Again he made a quick decision. We veered away from downtown and toward an elite area with winding roads and stately homes of diplomats and a few embassy compounds, with private homes mixed in.

We stopped at an elaborate Tudor home nestled behind a tall wrought-iron fence with a hedge thickly entwined. The gate swung open when he fingered a gadget in his car. He parked in front of the house and ushered me in front of him, through the heavy oak door and across the polished floor of the hallway.

He moved fast. He punched off an alarm, then stalked down a corridor. He paused to pull down a soft black bag from a hallway closet, and continued down the hall and into a room. I followed, tentatively. From the doorway I could see a child’s furniture: oak bunk beds with matching dresser, desk and chair, rocker, and toy box. Otherwise the room was bare, with a row of stacked boxes still sealed with
movers’ tape. Dumond moved to the boxes and ripped four or five of them open, one after another. In silence he rooted through them, grabbing a stuffed bear, a truck, and action figures and cramming them into the bag. I didn’t say a word; I scarcely breathed. My throat tightened. Here was Paul’s childhood, boxed away, carefully moved into a new room. Waiting for the boy who had spent the last five months alone in a tiny room.

As quickly as he’d started, Dumond was finished. Back down the hallway, up a short flight of stairs to what seemed to be a loft area. I sat on the stairs to wait. He reappeared a few minutes later with a packed leather bag.

“Let’s go,” he said, and we strode in silence across the shiny hallway, our heels clicking on the marble, and climbed into the Mercedes.

D
OES HE SPEAK ENGLISH
?”

“What?” I asked, startled. We’d traveled in silence the first half hour. He had no idea if I was telling him the truth. If he was innocent, he wouldn’t want to get his hopes up that he was about to see his son. If guilty, he was probably working out how best to get rid of me. I was working hard not to consider the second option.

I felt as if I’d suddenly stepped into a movie without having seen the script. Had he been involved? I hoped the hell not. Was I doing the right thing taking him to Paul? I hoped the hell yes. Was I in danger? I had no idea. The Ottawa police knew he was with me, and knew where we were headed. But either way, this man was going to take one small boy out of my life forever.

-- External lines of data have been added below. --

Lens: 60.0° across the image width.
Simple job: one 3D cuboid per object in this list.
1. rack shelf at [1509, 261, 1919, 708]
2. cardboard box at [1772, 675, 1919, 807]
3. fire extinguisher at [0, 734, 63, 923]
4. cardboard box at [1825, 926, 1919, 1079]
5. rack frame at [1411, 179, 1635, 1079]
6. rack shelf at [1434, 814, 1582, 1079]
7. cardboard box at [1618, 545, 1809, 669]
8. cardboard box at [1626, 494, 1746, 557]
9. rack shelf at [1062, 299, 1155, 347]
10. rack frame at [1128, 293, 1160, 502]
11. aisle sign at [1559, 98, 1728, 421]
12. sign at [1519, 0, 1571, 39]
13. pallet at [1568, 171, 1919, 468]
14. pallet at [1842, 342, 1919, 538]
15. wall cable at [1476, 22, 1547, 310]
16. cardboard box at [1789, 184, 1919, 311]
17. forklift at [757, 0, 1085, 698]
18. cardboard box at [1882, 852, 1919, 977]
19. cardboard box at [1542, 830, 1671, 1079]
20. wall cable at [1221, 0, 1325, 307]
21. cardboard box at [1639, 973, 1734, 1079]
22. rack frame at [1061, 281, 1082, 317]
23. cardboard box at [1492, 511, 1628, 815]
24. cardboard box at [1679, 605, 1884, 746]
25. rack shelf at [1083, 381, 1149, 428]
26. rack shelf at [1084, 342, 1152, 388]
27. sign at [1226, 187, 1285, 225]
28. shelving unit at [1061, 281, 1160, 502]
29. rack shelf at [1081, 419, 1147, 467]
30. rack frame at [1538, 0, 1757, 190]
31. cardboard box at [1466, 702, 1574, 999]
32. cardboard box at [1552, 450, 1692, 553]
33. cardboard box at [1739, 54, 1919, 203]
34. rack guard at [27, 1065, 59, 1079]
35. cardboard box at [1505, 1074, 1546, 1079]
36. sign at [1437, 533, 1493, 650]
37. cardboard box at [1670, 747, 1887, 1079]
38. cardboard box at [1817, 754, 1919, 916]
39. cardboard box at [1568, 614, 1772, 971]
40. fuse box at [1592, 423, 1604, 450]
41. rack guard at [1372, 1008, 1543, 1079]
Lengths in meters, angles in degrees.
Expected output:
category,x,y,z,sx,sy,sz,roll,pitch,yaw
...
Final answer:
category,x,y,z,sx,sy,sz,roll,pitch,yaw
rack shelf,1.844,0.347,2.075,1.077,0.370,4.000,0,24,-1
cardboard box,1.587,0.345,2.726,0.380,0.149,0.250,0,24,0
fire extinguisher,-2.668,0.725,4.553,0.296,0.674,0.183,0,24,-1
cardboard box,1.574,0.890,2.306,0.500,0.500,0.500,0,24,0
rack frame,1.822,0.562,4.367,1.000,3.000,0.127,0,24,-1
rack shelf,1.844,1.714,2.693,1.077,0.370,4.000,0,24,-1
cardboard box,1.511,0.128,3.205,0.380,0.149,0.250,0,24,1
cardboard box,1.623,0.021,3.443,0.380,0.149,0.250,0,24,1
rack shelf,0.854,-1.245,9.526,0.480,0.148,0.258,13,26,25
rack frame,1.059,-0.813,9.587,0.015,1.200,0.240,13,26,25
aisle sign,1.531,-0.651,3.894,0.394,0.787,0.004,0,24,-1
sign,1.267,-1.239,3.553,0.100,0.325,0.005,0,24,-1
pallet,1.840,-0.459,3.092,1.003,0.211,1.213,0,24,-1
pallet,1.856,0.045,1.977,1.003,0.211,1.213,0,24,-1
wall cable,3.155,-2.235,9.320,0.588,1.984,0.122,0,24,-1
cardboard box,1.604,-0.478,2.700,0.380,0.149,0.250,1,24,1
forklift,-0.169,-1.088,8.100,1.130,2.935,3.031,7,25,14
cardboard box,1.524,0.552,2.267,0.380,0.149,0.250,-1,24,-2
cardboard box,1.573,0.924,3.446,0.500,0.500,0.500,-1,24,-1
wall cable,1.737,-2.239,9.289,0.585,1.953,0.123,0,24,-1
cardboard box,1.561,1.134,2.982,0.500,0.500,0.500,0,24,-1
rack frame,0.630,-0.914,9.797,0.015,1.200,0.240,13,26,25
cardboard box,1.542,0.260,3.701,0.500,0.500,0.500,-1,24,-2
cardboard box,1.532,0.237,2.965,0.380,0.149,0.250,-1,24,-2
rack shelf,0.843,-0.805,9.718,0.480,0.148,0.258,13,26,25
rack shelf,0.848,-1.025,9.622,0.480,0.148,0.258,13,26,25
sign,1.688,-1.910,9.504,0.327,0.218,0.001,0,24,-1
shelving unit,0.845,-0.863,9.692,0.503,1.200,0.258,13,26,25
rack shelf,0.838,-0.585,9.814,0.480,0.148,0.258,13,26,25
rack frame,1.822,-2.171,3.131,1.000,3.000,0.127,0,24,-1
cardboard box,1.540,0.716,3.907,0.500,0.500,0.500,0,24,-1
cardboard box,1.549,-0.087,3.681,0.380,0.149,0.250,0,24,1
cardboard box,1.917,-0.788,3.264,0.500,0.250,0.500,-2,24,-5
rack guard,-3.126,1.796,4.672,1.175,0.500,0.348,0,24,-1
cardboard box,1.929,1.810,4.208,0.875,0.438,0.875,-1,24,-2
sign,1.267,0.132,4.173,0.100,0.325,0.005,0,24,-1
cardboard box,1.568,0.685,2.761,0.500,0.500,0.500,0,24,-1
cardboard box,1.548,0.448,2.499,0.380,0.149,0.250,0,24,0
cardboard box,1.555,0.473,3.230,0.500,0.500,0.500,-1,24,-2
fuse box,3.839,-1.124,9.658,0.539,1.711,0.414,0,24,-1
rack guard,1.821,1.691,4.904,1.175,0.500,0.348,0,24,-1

He grimaced. “This boy you say is Paul.”

“No. At least not much. Did your son … ?”

“He speaks a little, but we spoke French at home.” I knew that most Québec schools didn’t let kids study English until third grade or so. Which seems to me a tad exclusionary, especially in a country that’s officially bilingual.

Silence for a few moments.

“Is he healthy?” he asked.

“He seems fine. I had a friend who’s a nurse look him over.”

More miles in silence. We zoomed past an exit, and I could see McDonald’s arches in the distance. My stomach rumbled. I had a packet of peanut butter crackers in my bag, but I couldn’t picture
myself pulling them out and crunching them down in this car with its spotless leather seats.